1. Anonymous - January 8, 2007

Give me a hard copy, right there!

2. frank kersberg - February 5, 2007

great pics thanks alot.i hear to your honor they will retool and build a new one. also in metal! is that true? anothe question were can i get one/ blaster. cant find any info a rac props. please help

3. Vincent Villafranca - July 16, 2007

Wow! Great pictures Karl! I’ve been searching for some good shots of this cool Bladerunner firearm.

Check out my website to see some of my Sci-Fi bronze sculptures if you get a chance. Of course, there are more in the works presently! http://www.villafrancasculpture.com

Thanks for posting!

Sincerely,

Vincent Villafranca

4. Anonymous - November 5, 2007

It is so COOL!!!

5. Sinner - November 6, 2007

Great pictures! Thanks for sharing!

6. Ross Crockett - December 7, 2007

Great pictures, Karl…I think with this bit of info and these wonderful pictures you have answered alot of the questions die hard BR fans, like me, have had for a long time. A good piece of work here, you should be proud.

Ross Crockett, Vancouver BC

7. Alenz - December 8, 2007

Damn good man!

just what I was looking for.

Thanks!

8. Ian Mutch - January 3, 2008

I’m an Armourer in the film industry, and had a load of photos from the set years ago.
It is nice to know that unlike most special builds one still remains intact.
I built one years ago but unfortunatly no longer have it, I shall make another or get the Richard Coyle one.
Ian from the U.K

9. karltate - January 3, 2008

Thanks for the kind comments!

There’s an archive of my photos of this prop here

http://www.propsummit.com/brpics/worldconphotos.zip

Enjoy!

– Karl

10. Lois Lane - January 7, 2008

Sweet pictures I haven’t found anything like it!!! Where did you get your replica gun from? I’m looking for one myself.
Thanks again!!

11. karltate - January 7, 2008

Thanks Lois. But none of those pictures are of a replica! That’s the actual “hero” prop from the movie itself.

– k

12. Lois Lane - January 7, 2008

Wow I can’t believe I missed that! Fantastic!!

13. John - January 13, 2008

HELLL YEAHHHH

THANKS!!!!

14. CHIRS - January 14, 2008

COOL HERO PROP PICTURES! I WAS ALWAYS WONDERING WHAT THE SECOND TRIGGER WAS FOR? CAN ANYONE TELL ME?

15. Anonymous - January 15, 2008

Karl,

Your pictures of this blaster are still and inspiration to everyone that loves Blade Runner!

Tom – Amish

16. Rein Tanke - January 16, 2008

Karl,

Just purchased an authentic full metal replica of the “Hero” (not the AirSoft plastic/metal one) while I was on buisness in Japan. From examining your pictures the replica is fairly “realistic” with LED’s in all the right places. The grip, however, is not clear amber, but black plastic. The entire gun can be taken apart. Looks like it was originally kit bashed from a .38 Special Revolver. Comes with five “bullets” that can use caps. My guess is that it was a special two function gun. Revolver for “normal” purposes and the special LED cartridge with breach loader for the Replicant termination My thinking is one trigger for the revolver and the other trigger for Replicant Killing.
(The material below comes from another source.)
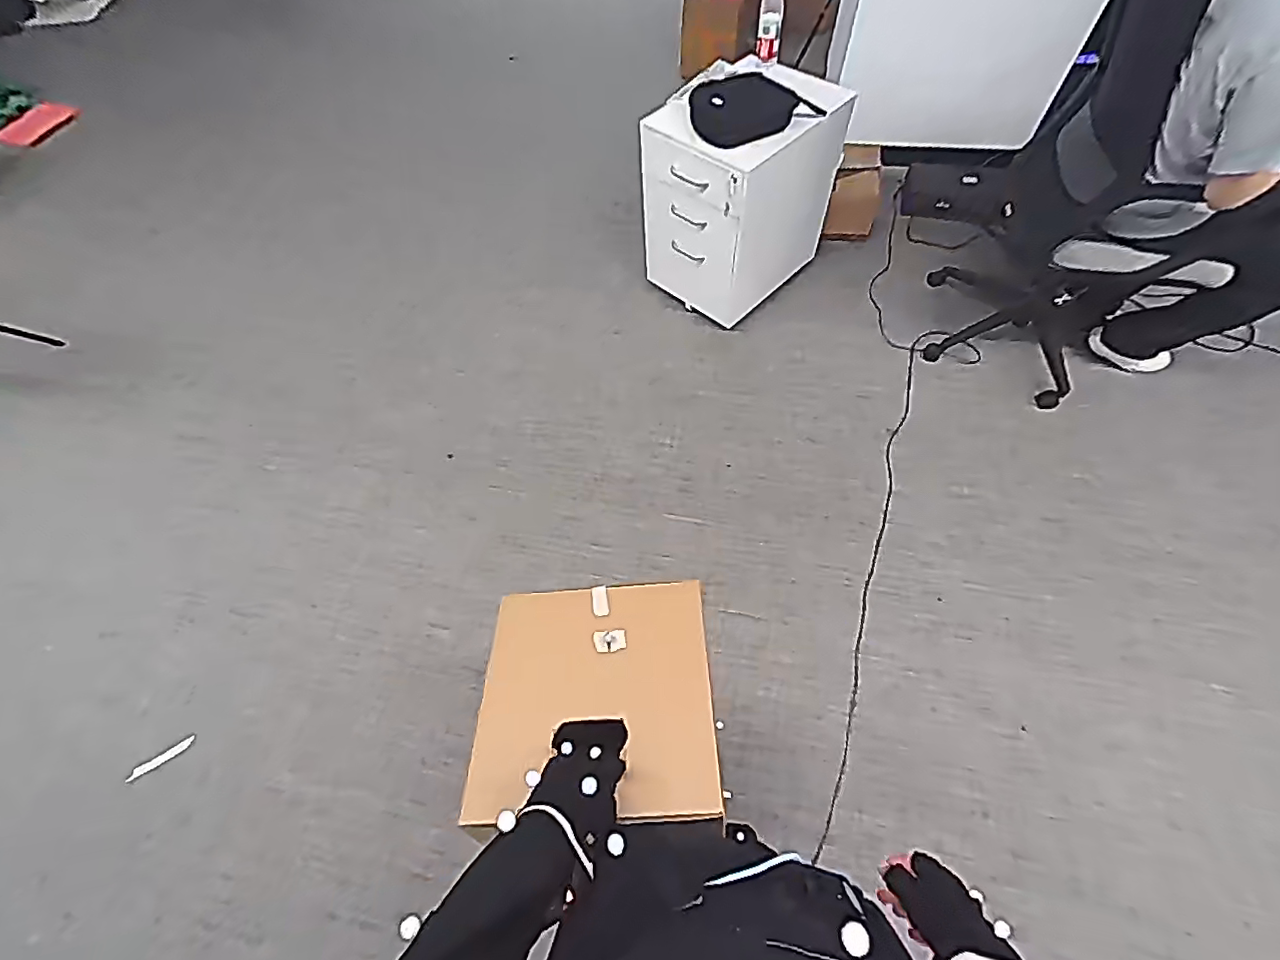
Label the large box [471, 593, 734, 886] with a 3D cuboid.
[{"bbox_3d":[-0.029,0.425,0.866,0.320,0.408,0.320,-5,47,5],"label":"large box"}]

Comes complete in a case and cap loader, if you care to make a bang, and a full set of breakdown/assembly diagrams and “authentication” documents by the “maker” and a serial number.
I do not think they make these any more from talking with the store salesperson.

If anyone is interested I willl send pictures to their email. This cost me around $600.00. I saw an AirSoft shooting replica on the net, also not being made anymore, for over $1500; this is not what I purchased although I suspect this Replica was based on the Air Soft Model.
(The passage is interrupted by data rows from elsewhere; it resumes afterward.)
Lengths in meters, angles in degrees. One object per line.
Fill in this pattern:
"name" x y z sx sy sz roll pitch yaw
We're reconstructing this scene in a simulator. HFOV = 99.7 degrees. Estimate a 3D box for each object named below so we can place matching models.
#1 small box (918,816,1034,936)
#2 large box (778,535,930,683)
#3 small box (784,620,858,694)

BTW I saw the Directors Cut in a Theater in Japan in full digital projection (DLP) and Dolby Digital Sound.—-WOW!

I am willing to part with HERO since I found out that replicas of the hand guns Mila Jovich used in Biohazard 3 (Resident Evil 3) are cominig out this March in Japan. Mine off course, is not “agged” and looks new.

17. Rein Tanke - January 16, 2008

Karl

Wouldn’t care to swap grip sides, would you?

Whichfull thinking!

Rein

18. Anonimo del continente americano norte. - January 31, 2008

Cuando la producen en serie¿?, es fabulosa!!.
Ya que ncsito _retirar_ a mi tv y a mi
lavadora, puesto que tengo sospechas de
que me quieren dañar.

19. GTL - February 3, 2008

Mr. Tate:
Next time I am home for a little while, I going to try to build a firing replica of Deckards gun. I don’t have much bandwidth access here, so I am sorry if I’m asking questions that may be revealed in your archive photos, but I can’t DL them now.
1) Does the cylinder swing out to the left like a standard revolver?
2) What is the purpose of the large lever on the right side of the gun?
3) It appears to say “Made in Austria” on the right side; did you notice any other manufacturer or proof marks?
4) When either trigger is pulled, did the cylinder rotate?
Just a thought- maybe the chopped off wires provided power to ignite a small pyrotechnic charge used to simulate firing. I guess Harrison Ford would know for sure, if he remembered. Got his e-mail address?
Thanks for the pics and any other info you can provide,
SFC GTL

20. karltate - February 3, 2008

GTL: good luck with your firing replica, and definitely download the full set of Worldcon images when you get the chance.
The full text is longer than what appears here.